Substitute \(b = -4\) and \(a = 2\) into the formula to find the x-coordinate of the vertex. For the function \(f(x) = 2x^2 - 4x - 1\), the x-coordinate of the vertex is:- \(x = \frac{-(-4)}{2 \times 2} = 1\).
Once you have the x-coordinate, substitute it back into the function to find the y-coordinate. When \(x = 1\), the function evaluates to:- \(f(1) = 2(1)^2 - 4(1) - 1 = -3\).Thus, the vertex is located at the coordinates \((1, -3)\). Identifying the vertex is crucial for understanding the behavior of the parabola and predicting where it changes direction.

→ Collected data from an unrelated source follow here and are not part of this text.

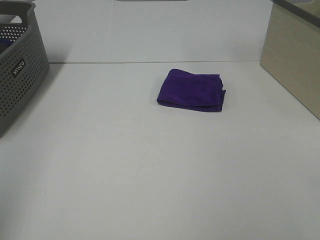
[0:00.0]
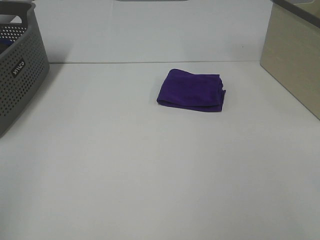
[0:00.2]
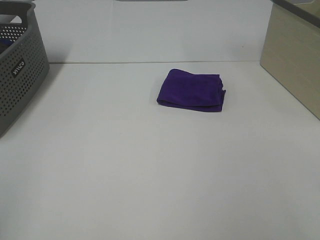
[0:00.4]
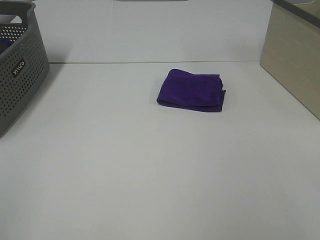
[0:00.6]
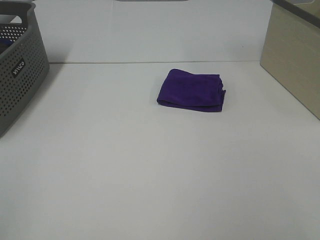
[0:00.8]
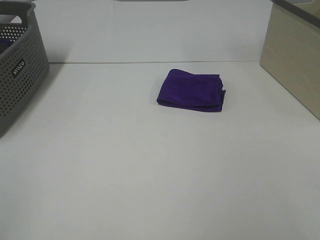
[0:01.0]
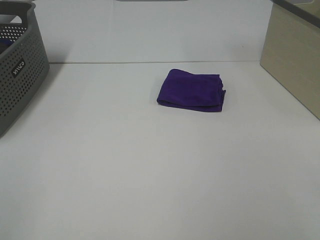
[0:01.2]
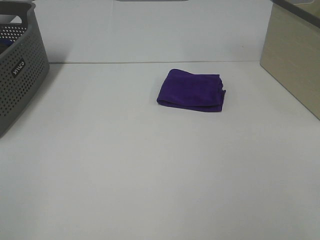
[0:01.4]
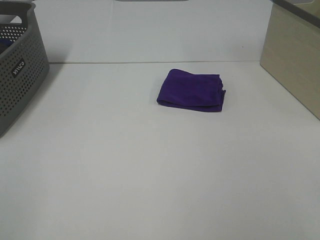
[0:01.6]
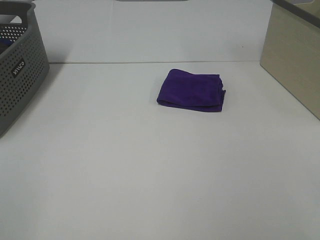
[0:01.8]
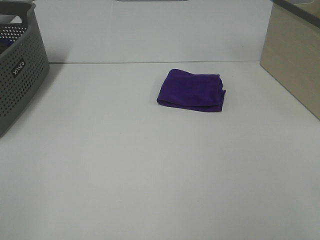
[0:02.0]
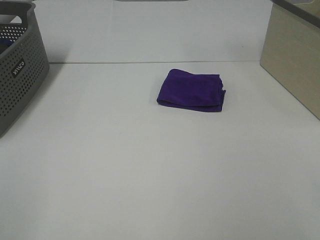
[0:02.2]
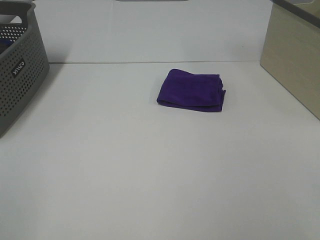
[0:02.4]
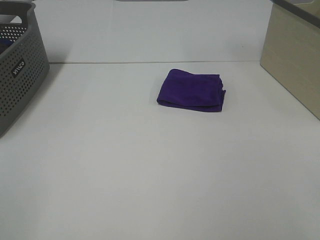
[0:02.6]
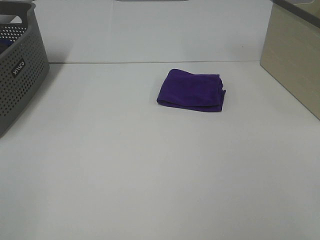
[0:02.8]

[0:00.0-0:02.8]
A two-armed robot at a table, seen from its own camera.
Task of the whole recording: Fold towels.
1.4 to 2.8 s: Neither gripper changes place.

The domain and range are essential elements in describing a function. They tell you where the function lives in terms of input and output values. For any quadratic function, which is a type of polynomial function, the domain is always all real numbers. This means that you can input any real number into a quadratic function and it will yield a result. Hence, the domain is:- \((-\infty, \infty)\).The range of a quadratic function, however, depends on the direction in which the parabola opens. In our function \(f(x) = 2x^2 - 4x - 1\), the parabola opens upwards (since \(a = 2\) is positive). This means the vertex provides the minimum point of the parabola. For our specific function, the vertex is \(-3\), and because the parabola opens upwards, the range includes every number larger than or equal to \(-3\). Thus, the range is:- \([-3, \infty)\).Understanding the domain and range gives a complete picture of where the parabola lies and how it behaves with respect to the x and y axes.

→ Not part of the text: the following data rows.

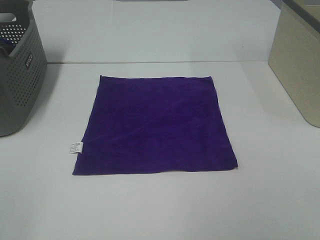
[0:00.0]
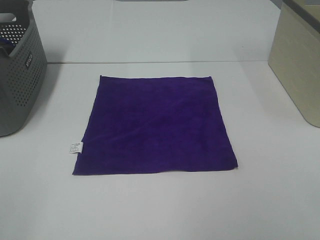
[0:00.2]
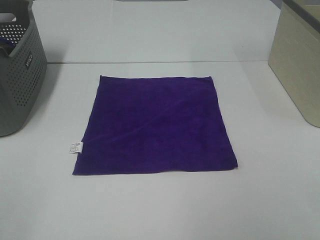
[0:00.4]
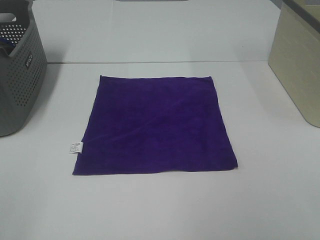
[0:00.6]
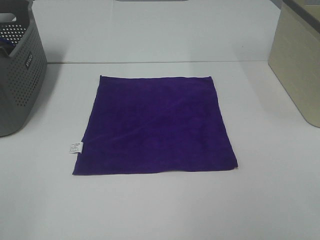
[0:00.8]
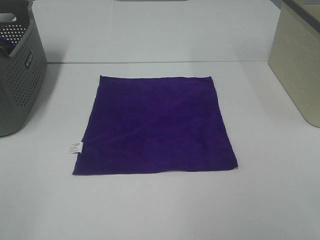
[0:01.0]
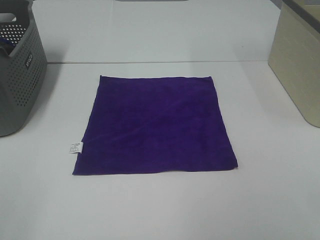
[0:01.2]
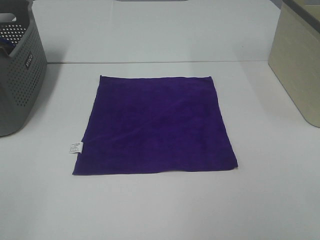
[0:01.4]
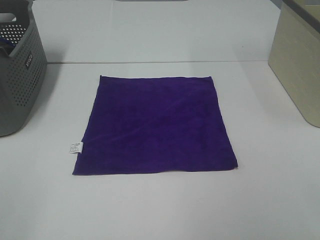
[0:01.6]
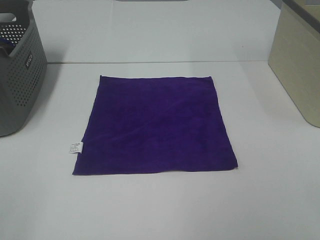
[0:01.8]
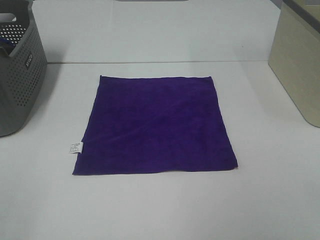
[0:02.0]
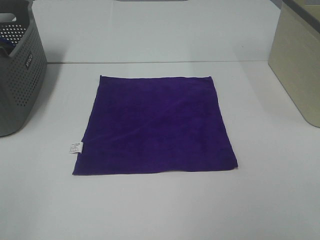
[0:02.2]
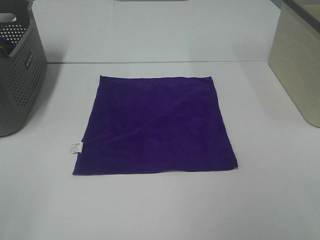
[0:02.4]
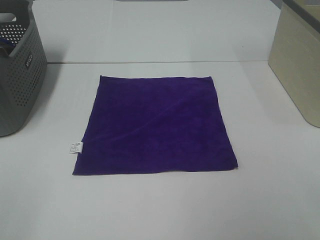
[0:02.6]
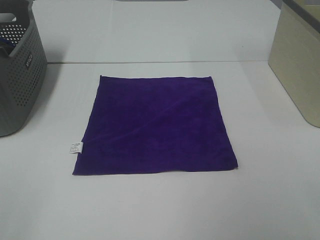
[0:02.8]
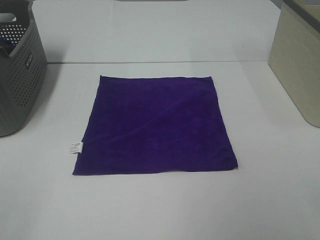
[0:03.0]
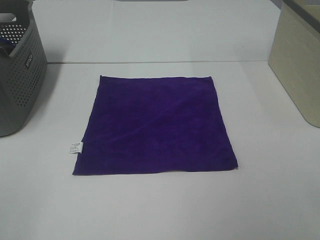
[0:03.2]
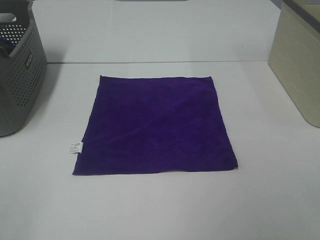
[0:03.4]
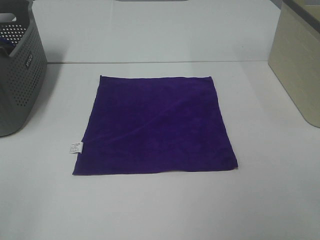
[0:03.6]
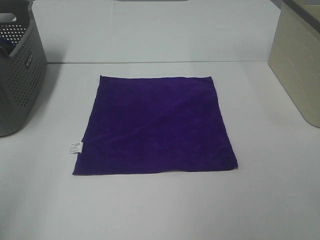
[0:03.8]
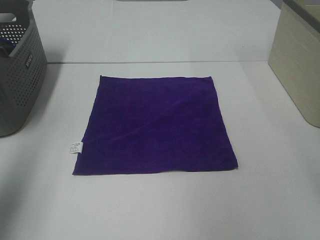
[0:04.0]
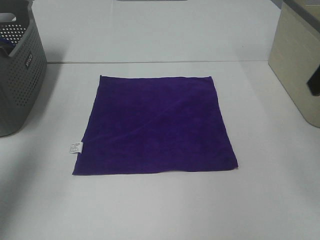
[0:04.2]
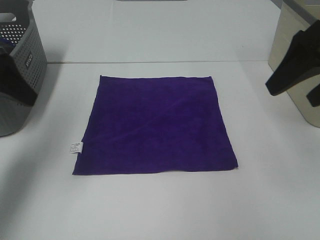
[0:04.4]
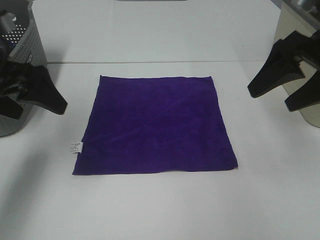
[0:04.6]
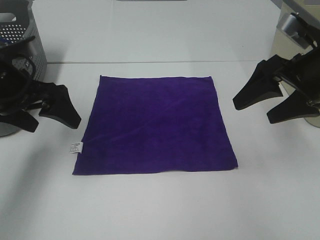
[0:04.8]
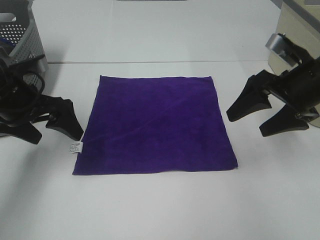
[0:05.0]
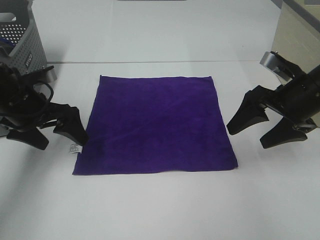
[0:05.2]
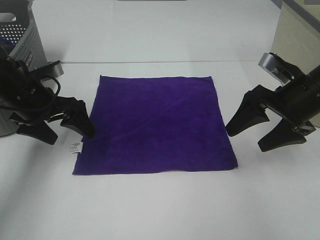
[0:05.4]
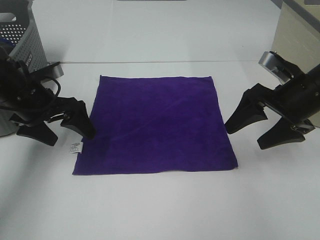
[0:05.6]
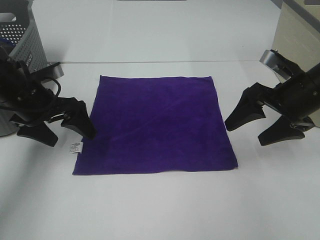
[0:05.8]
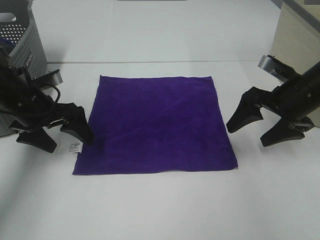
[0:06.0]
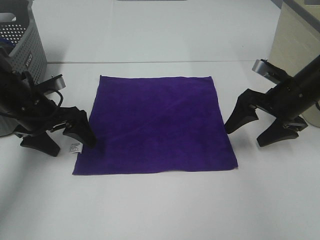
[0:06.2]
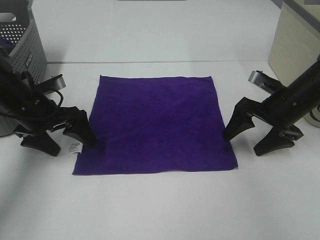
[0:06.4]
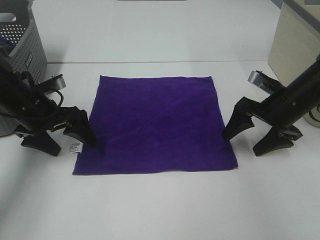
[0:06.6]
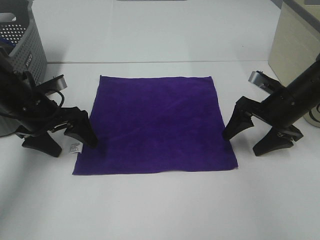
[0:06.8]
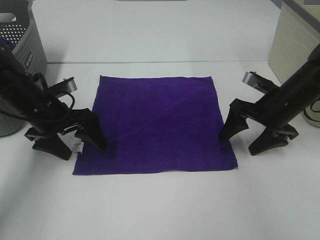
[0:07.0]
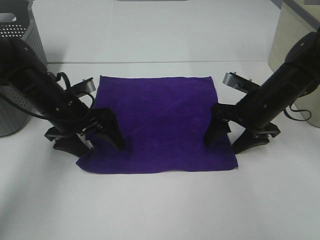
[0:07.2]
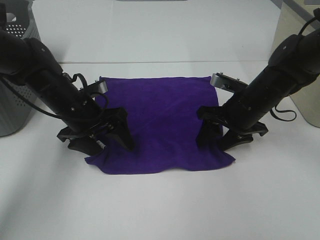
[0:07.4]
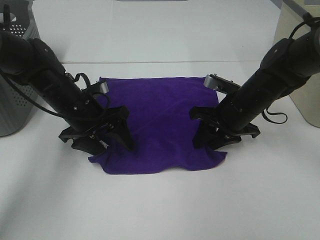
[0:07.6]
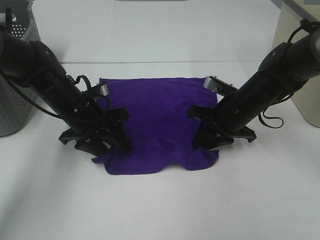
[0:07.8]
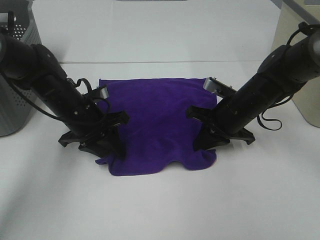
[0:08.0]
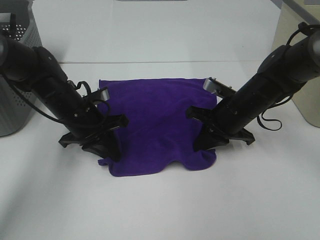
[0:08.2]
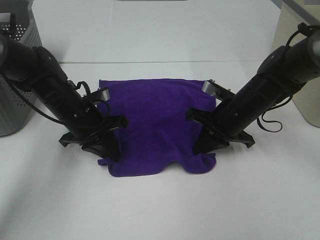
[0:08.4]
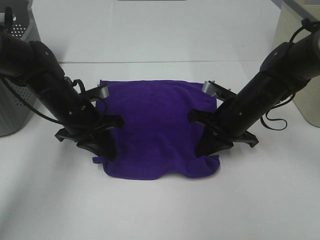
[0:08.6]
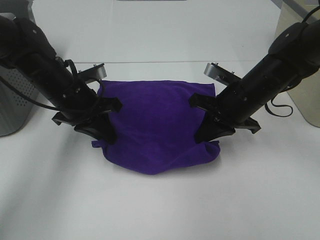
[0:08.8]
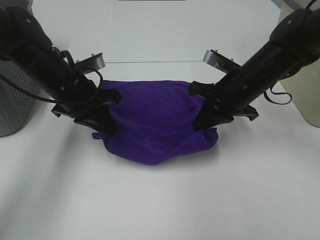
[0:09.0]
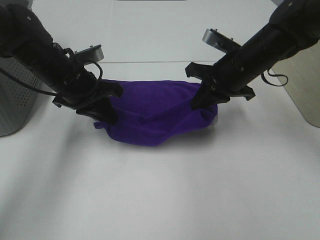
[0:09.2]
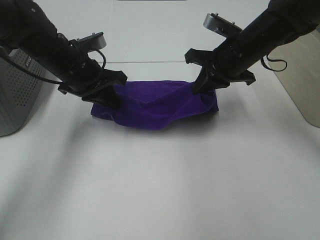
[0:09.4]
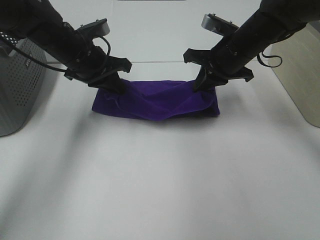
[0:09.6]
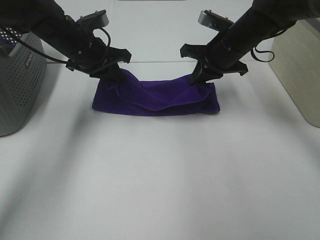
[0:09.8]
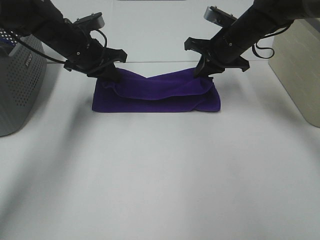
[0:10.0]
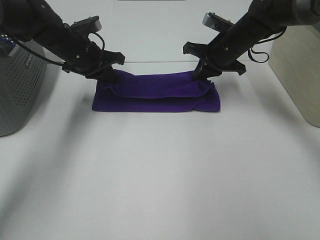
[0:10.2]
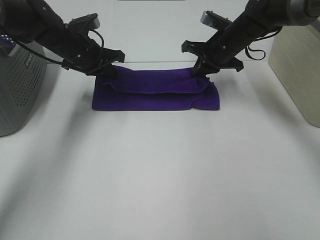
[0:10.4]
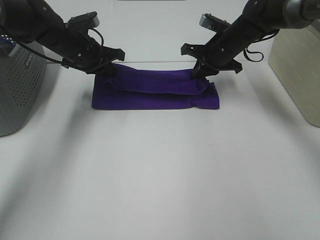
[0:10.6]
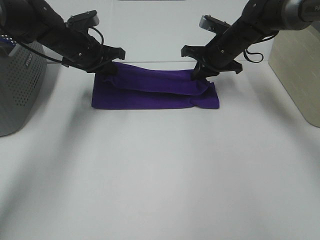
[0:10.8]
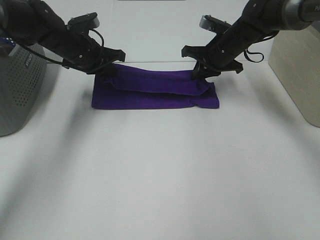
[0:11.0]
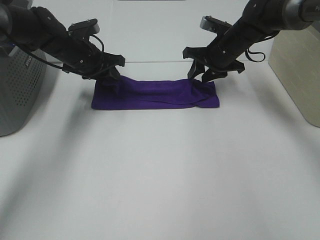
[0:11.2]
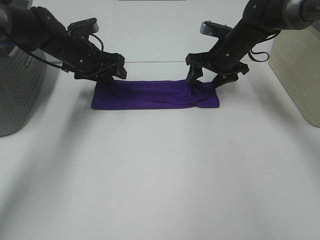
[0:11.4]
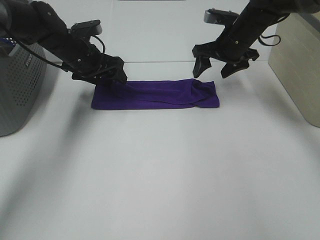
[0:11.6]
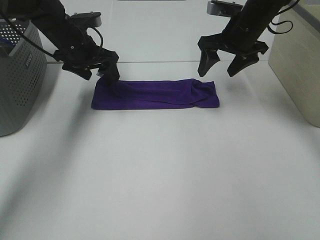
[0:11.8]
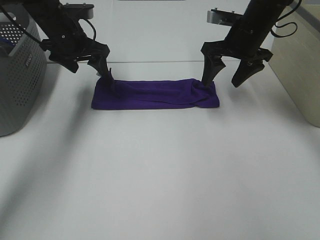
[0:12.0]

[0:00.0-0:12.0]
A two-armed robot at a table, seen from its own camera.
Task of the whole recording: Fold towels.
Step, 0.0 to 8.2 s: Left hand: grab the bottom left corner of purple towel.
Step, 0.0 to 8.2 s: Right hand: grab the bottom right corner of purple towel.
Step, 8.4 to 11.2 s: Left hand: fold the purple towel up.
Step, 8.4 to 11.2 s: Right hand: fold the purple towel up.
0.0 to 3.0 s: Both grippers stay about where they are.
3.0 to 4.4 s: Both grippers travel together forward, some 25 cm.
4.4 to 6.0 s: Both grippers move downward and forward, approximately 15 cm.
6.0 to 7.6 s: The left gripper heads to the right, covering roughly 10 cm; the right gripper shifts roughly 10 cm to the left and downward, and closes up.
7.6 to 9.0 s: Both grippers travel together upward, approximately 5 cm. The left gripper closes up, while the right gripper closes up.
9.0 to 10.4 s: Both grippers move forward, approximately 15 cm.
10.4 to 12.0 s: The right gripper shifts about 5 cm upward, and opens, while the left gripper opens up.

A quadratic function can have either a maximum or minimum value, and this depends on the orientation of its parabola. If the parabola opens upwards, like in the function \(f(x) = 2x^2 - 4x - 1\), it means that the function has a minimum value.As determined through calculations, the vertex of \(f(x)\) provides the coordinates \((1, -3)\). Therefore, the minimum value of the function is \(-3\). This occurs at the x-coordinate where the vertex is located, which is \(x = 1\). It's important to remember that when the coefficient \(a\) in the quadratic formula is positive, this indicates an upward opening, leading to a minimum value. Conversely, a downward opening signal would mean \(a\) is negative, resulting in a maximum value. By noting the orientation of the parabola, one can immediately identify whether the vertex signifies a minimum or maximum value, which is a key aspect in analyzing quadratic functions.